2003 FA Women's Cup Final
- The match programme cover
- Event: 2002–03 FA Women's Cup
| Charlton Athletic | Fulham |
| 0 | 3 |
- Date: 5 May 2003
- Venue: Selhurst Park, London
- Referee: George Cain (Liverpool)
- Attendance: 10,389

= 2003 FA Women's Cup final =

The 2003 FA Women's Cup Final was an association football match between Fulham Ladies and Charlton Athletic Women on 5 May 2003 at Selhurst Park in London, England.

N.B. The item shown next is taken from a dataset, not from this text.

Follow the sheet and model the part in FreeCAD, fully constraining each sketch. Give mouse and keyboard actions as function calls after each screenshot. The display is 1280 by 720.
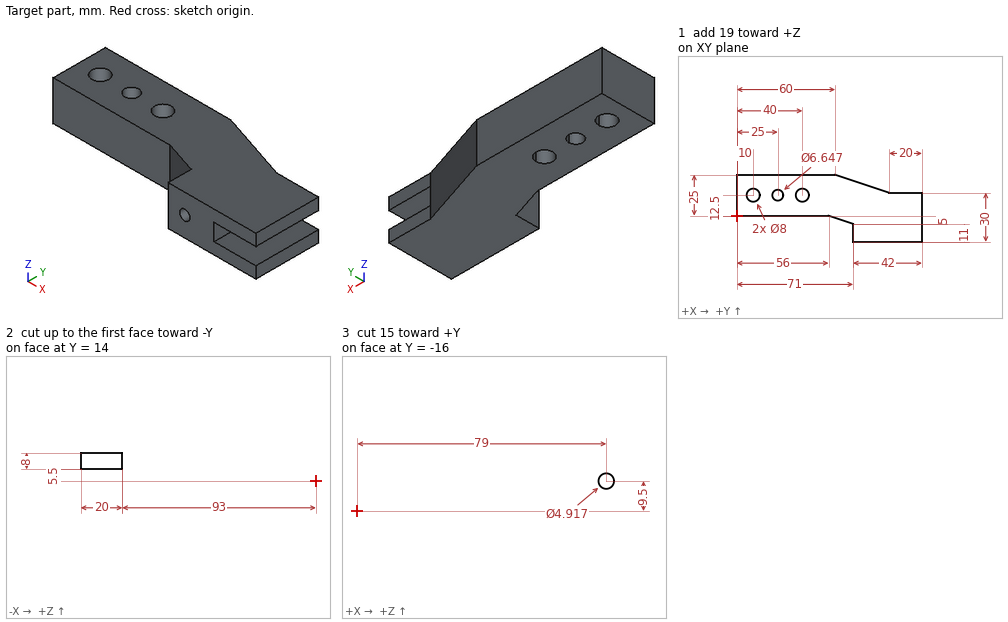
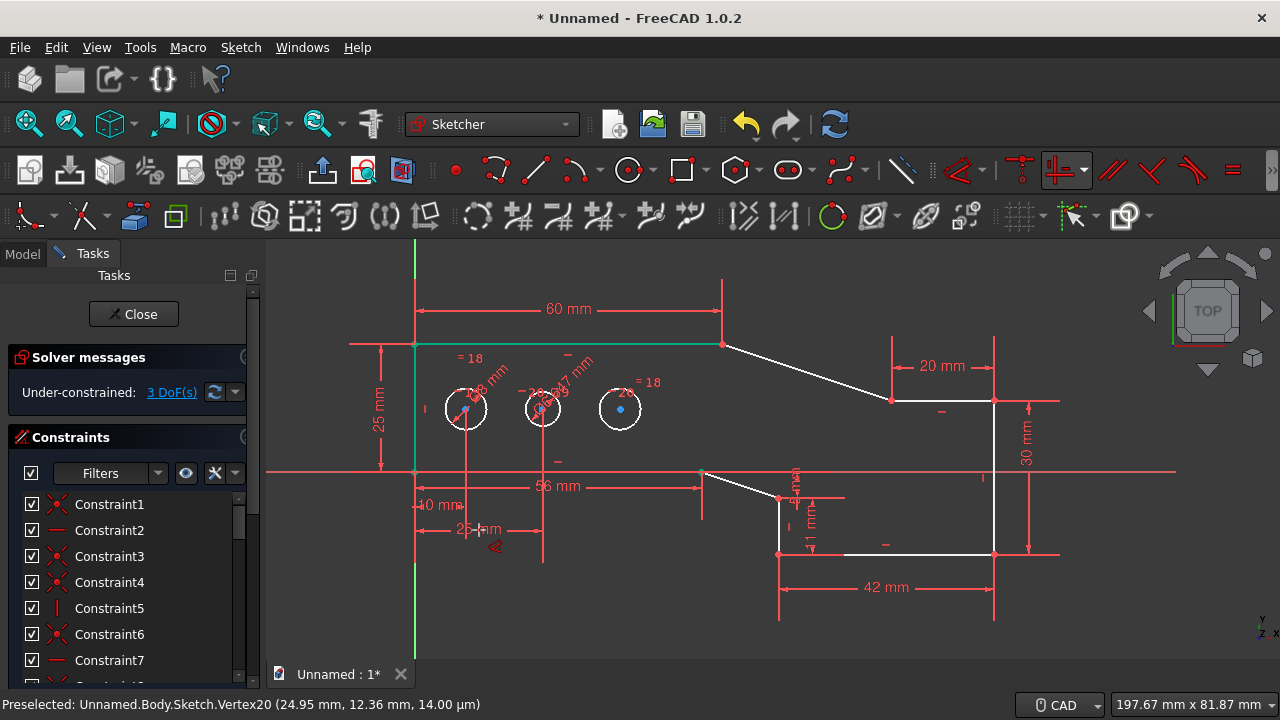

It was the 33rd final overall of the FA Women's Cup, a cup competition originally organised by the Women's Football Association (WFA) between 1970 and 1993, and by The Football Association (FA) since 1993. It was the third successive final for Fulham following their defeat by Arsenal Women in 2001 and their victory over Doncaster Rovers Belles the previous year. The teams had not met before in the FA Women's Cup Final. This was Charlton Athletic's fourth final overall but first under their current name, they had played the previous three as Croydon Women.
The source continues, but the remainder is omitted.